As for me, I want . . . a lot of things.

Things I haven’t admitted out loud to anyone.

I glance out the cab window, watching New York whip by. Will I miss this city when I’m overseas? I’ve always longed to experience different places, meet different people. More than that, I’ve wanted to create places and people for others to experience. I want to create something out of all the experiences I take in.

That last one, though, feels so personal and lives so close to my heart that I haven’t even dared to tell my brother, who knows me better than anyone. I didn’t share the idea when I was thirteen as it first took root. Not sure if I’m ready to voice it now.

“What about you?” Chance prompts in a lull in the conversation. He’s told me about his vision for himself as a pitcher. I suppose that means it’s my turn to crack open my heart.

Easier said than done.

I scratch my jaw and shrug. “Oh, you know. Try to grow a beard, eat some fish and chips, meet a hot dude. The usual.”

Chance rolls his eyes. “Liar.”

“What?” I protest. “That’s all true.”

“Yes, I know. But so are the things you’re not saying,” he says with certainty.

“Twin intuition?”

“Something like that.”

“What am I not saying, then?” I counter stubbornly.
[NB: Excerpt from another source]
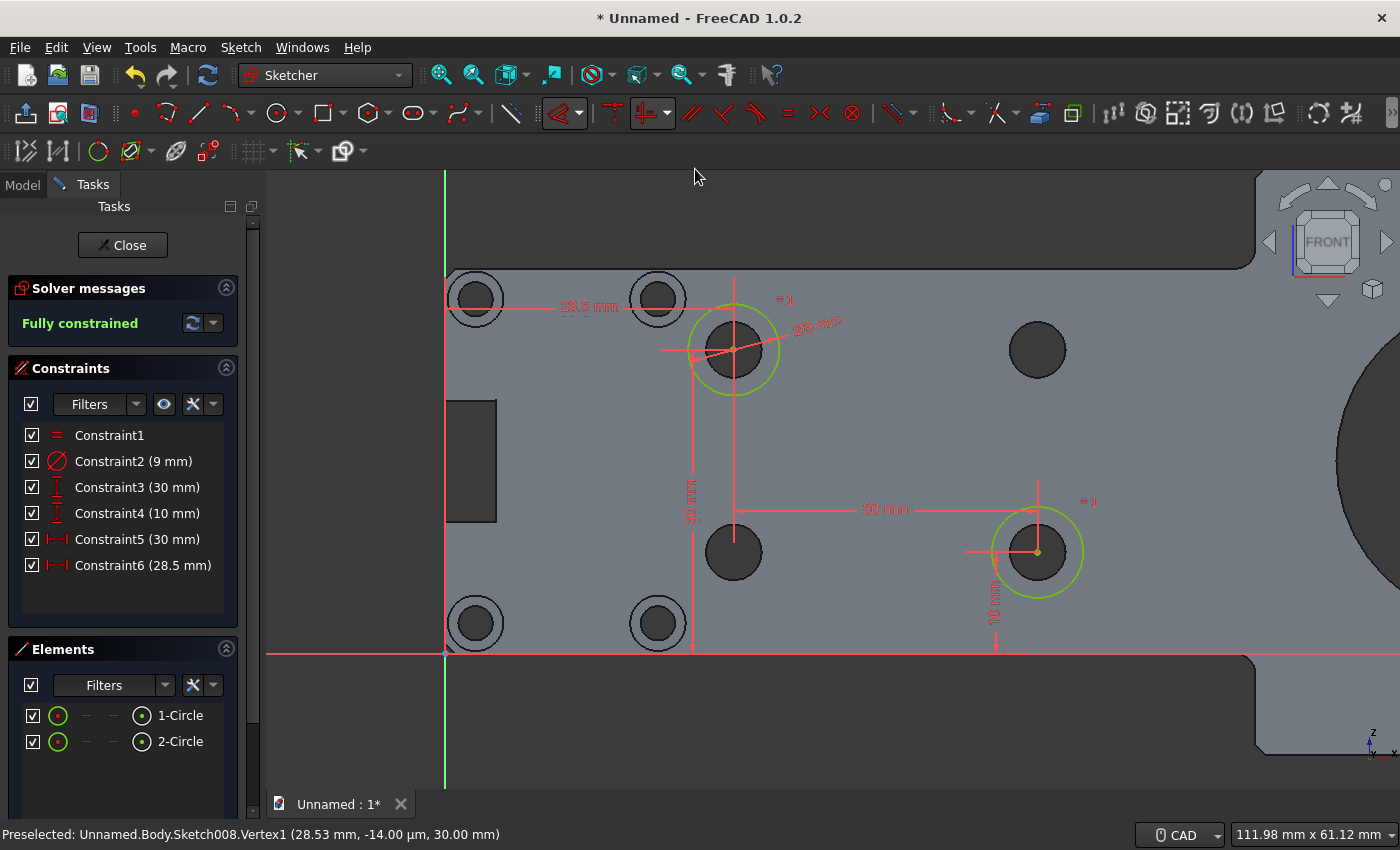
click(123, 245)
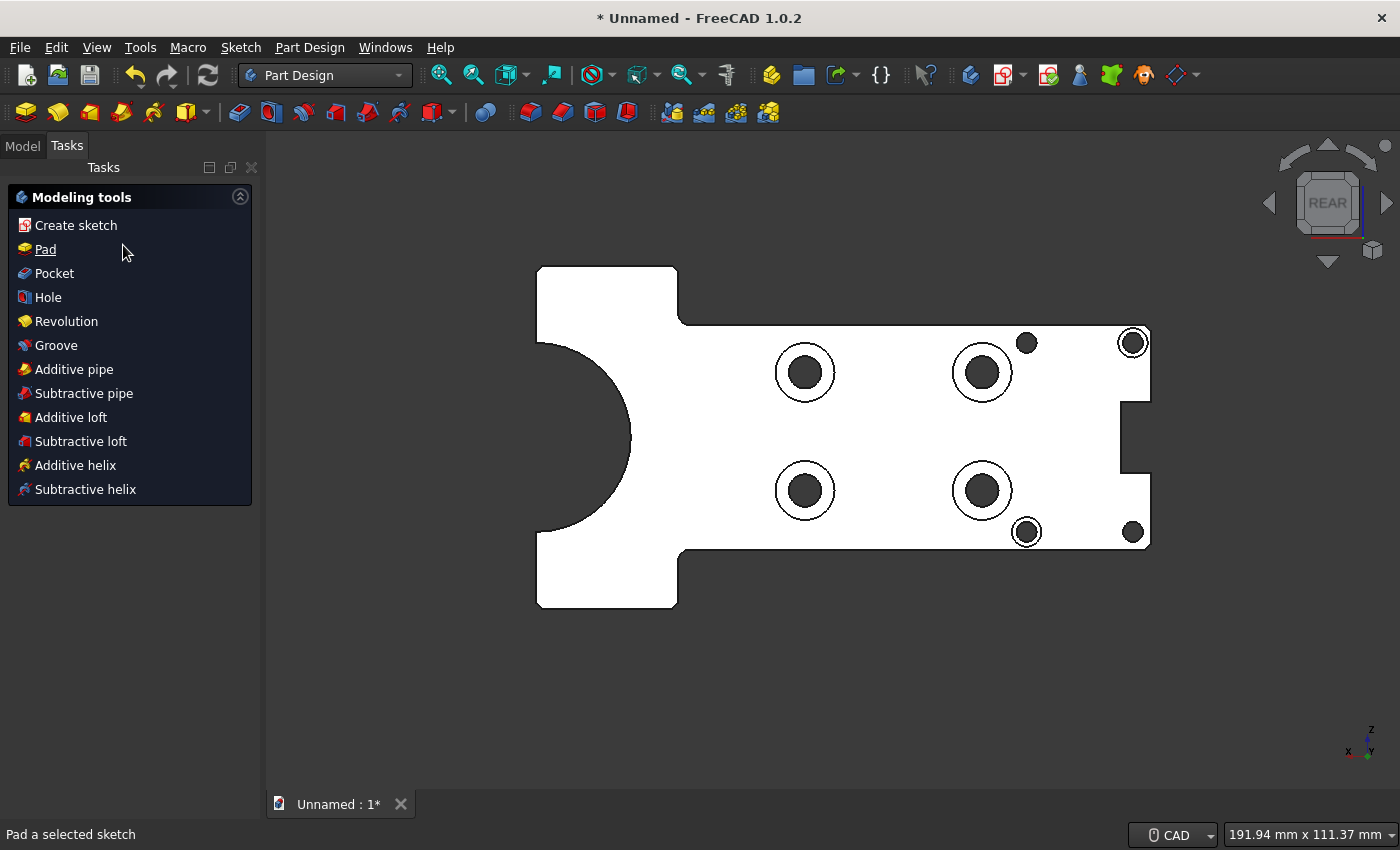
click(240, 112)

He shoots me a no-bullshit stare. “There’s something else you want, TJ.”

I blow out a breath, wishing he didn’t read me so well. Sometimes it’s just simpler to keep your dreams to yourself. Chance’s goals are different. It’s a lofty ambition, being the closing pitcher for a professional baseball team, but he’s already on a team as a relief pitcher. Maybe it’s a tall ladder, but he’s on a rung.